Polymorphism and Monomorphization

[acl-cqc]

This relates to guppy, also to #1556.

At the moment Guppy has less polymorphism than Hugr: users can declare functions that are polymorphic over type variables, but the kind of every type var is one of either AnyType, CopyableType or UnboundedNat. In contrast Hugr offers a wide space of kinds (aka TypeParams) - AnyType, CopyableType, BoundedNat, String, ExtensionSet, and List and Tuple of TypeParam(s) making an infinite set.

If current Guppy was the only language we cared about supporting, we could massively simplify Hugr by dropping support for typeparams beyond Guppy's 3. (#1405 would no longer be the case, the type-level stuff would be waaay short of what one might call a "language"!)

More likely is that we'll extend Guppy. Adding support for kinds ListOfType and ListOfCopyableType seems like something that'd be useful for end user programmers dealing with (arbitrary) tuples.

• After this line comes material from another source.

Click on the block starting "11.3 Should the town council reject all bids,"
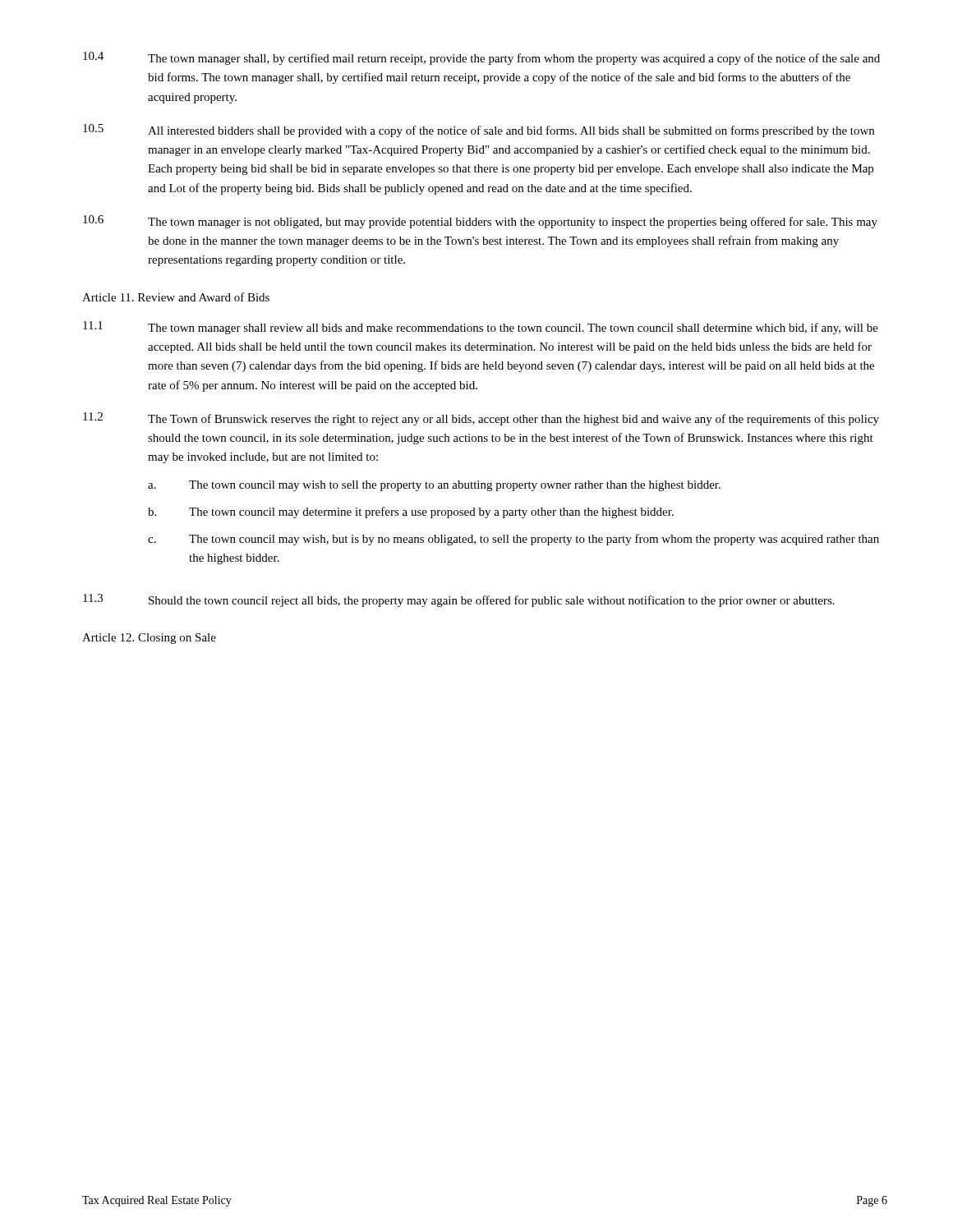pyautogui.click(x=485, y=601)

Other cases may follow, noting we plan never to parametrize over "higher-order" kinds like Type -> Type.

Currently plans for compiling polymorphic functions in guppy lean towards monomorphization, i.e. guppy generates non-polymorphic Hugrs. Again, this suggests we might massively simplify the Hugr language(!); however, that route

• entails every frontend doing its own monomorphization, which seems like duplication of effort. (Ok, there will always be some cases where frontends must do their own monomorphization, but we might want to try to limit these cases to those involving types that definitely do not fit into Hugr, i.e. dependent types)
• restricts our options for compilation: it's extremely hard to un-monomorphize, whereas if we delay monomorphization until lower down the stack, we keep our options open (e.g. including dyn-like passing of vtables)

Instead we might ask: what facilities do we need in Hugr for "native Hugr polymorphism" to be usable by frontends? (Having frontends that monomorphize instead of using Hugr polymorphism seems the worst of all worlds - with a Hugr more complex than it needs to be, and frontends having to do more work.)

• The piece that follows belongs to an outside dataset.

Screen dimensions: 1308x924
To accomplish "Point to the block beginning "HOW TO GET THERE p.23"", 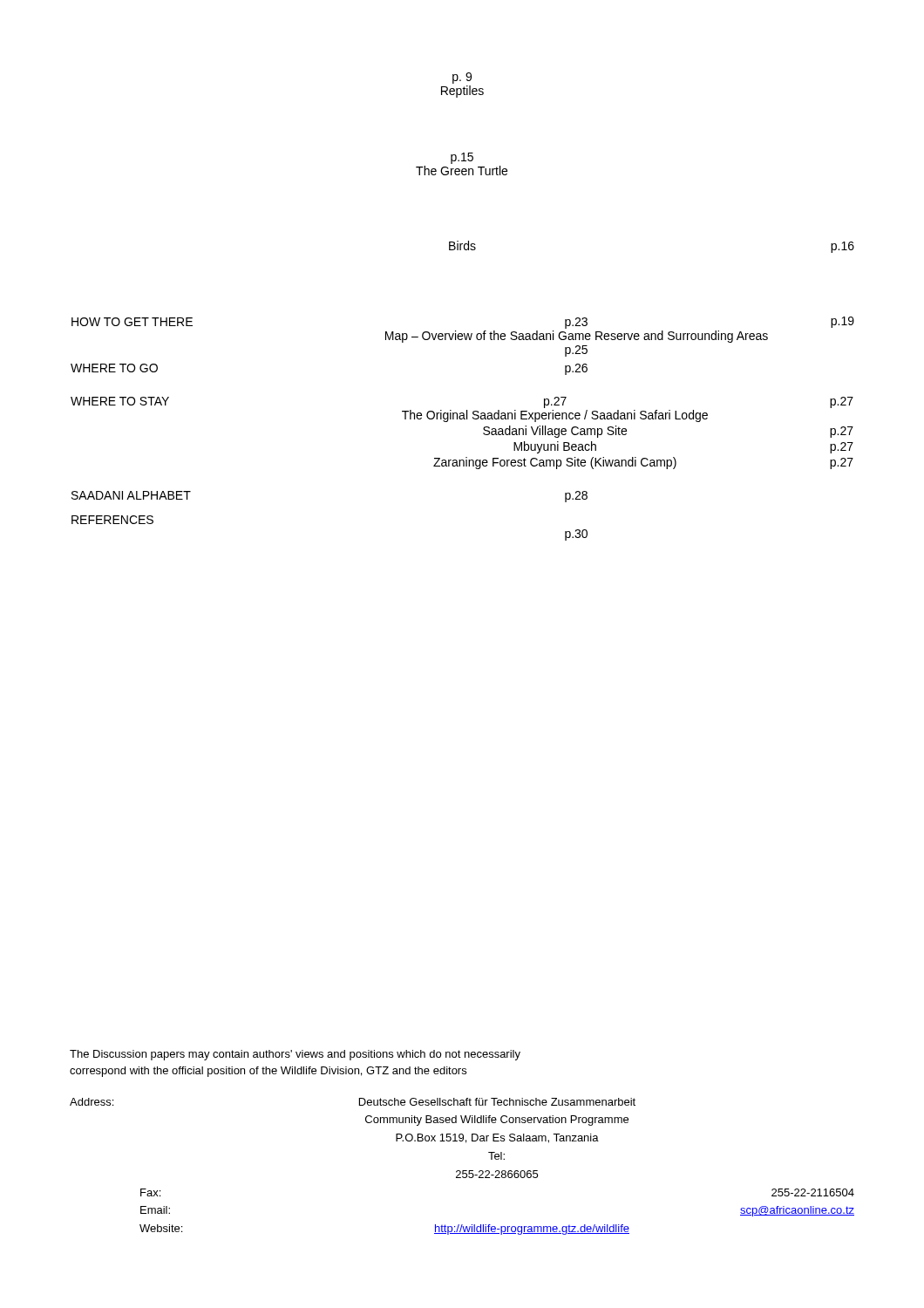I will tap(462, 345).

Looking at guppy, a major source of problems here are array comprehensions and initializations. For example, array(qubit() for _ in range(N)), where N is a statically-known type parameter. The monomorphization strategy involves generating N calls to qubit(), which seems poor.

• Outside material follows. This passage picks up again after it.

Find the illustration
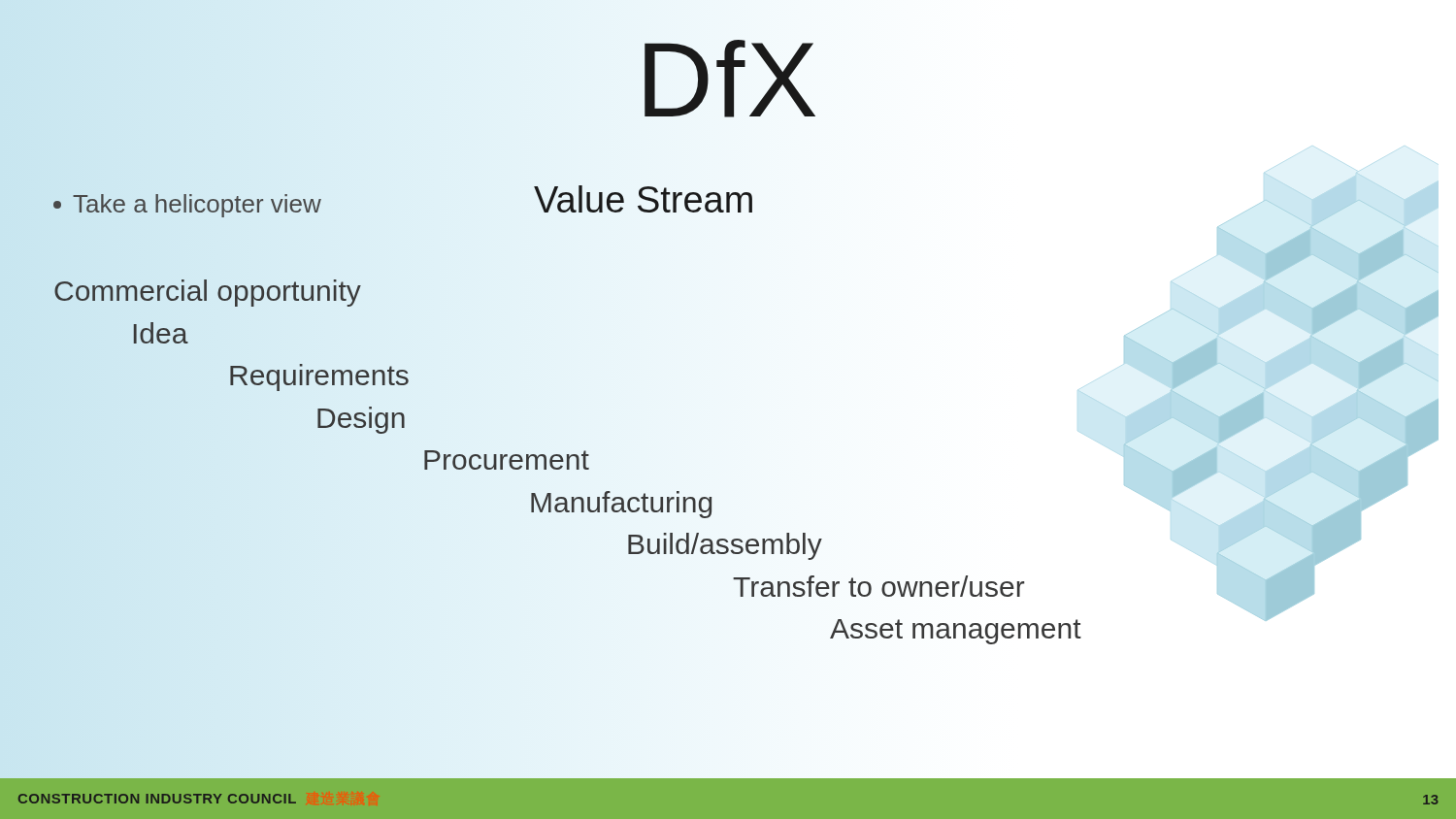 pyautogui.click(x=1254, y=398)

So question to @doug-q: can LLVM initialize such an array (on stack) using a loop? E.g. via a new_uninitialized (or new_filled_with_poison) and then direct indexing?

And what does the Hugr look like here? Given the element type is not copyable, we need code to execute for each element, so possibilities:

• We could have new_uninitialized / new_poisoned in Hugr too, either
  • followed by loop + direct indexing - noting that inside the loop the type system does not protect us from indexing outside the array, although it shouldn't take "much" inspection to convince us it's ok (i.e. the frontend has the "proof" of safety but can't encode it into the Hugr)
  • or followed by map_array similar to the next option:
• We could have new_array taking a function. This could be a runtime (Value edge) pointer to a function (but not yet dynamically allocated / closure - that could follow later); or (following Allow custom ops with static constant input edges #1594) with a static edge to a function. We might also want to make this a fold, passing through some arbitrary (TypeParam::Type) state. Again this boils down to what hugr-llvm might be able to compile (@doug-q again)?

What about constant folding? Loop+direct-indexing seems unlikely to constant-fold unless we first determine the iteration count is small and then unroll; array_map and similar structures would require the fold impl to make a nested call/callback into the constant-folder to evaluate the argument Hugr (perhaps multiple times).

[doug-q]

So question to @doug-q: can LLVM initialize such an array (on stack) using a loop? E.g. via a new_uninitialized (or new_filled_with_poison) and then direct indexing?

Yes, no problem. This is the only way to create a new array in llvm, on the stack or anywhere.

e could have new_array taking a function. This could be a runtime (Value edge) pointer to a function (but not yet dynamically allocated / closure - that could follow later); or (following #1594) with a static edge to a function. We might also want to make this a fold, passing through some arbitrary (TypeParam::Type) state. Again this boils down to what hugr-llvm might be able to compile (@doug-q again)?

I don't see any problem here.

Looking at guppy, a major source of problems here are array comprehensions and initializations. For example, array(qubit() for _ in range(N)), where N is a statically-known type parameter. The monomorphization strategy involves generating N calls to qubit(), which seems poor.

We could provide a new_qubit_array<N>: [] -> Array<Qubit,N> op to support this very important case. I agree that the general solutions you outline look right, we should do them, but just providing this op takes solving the general problem much less urgent.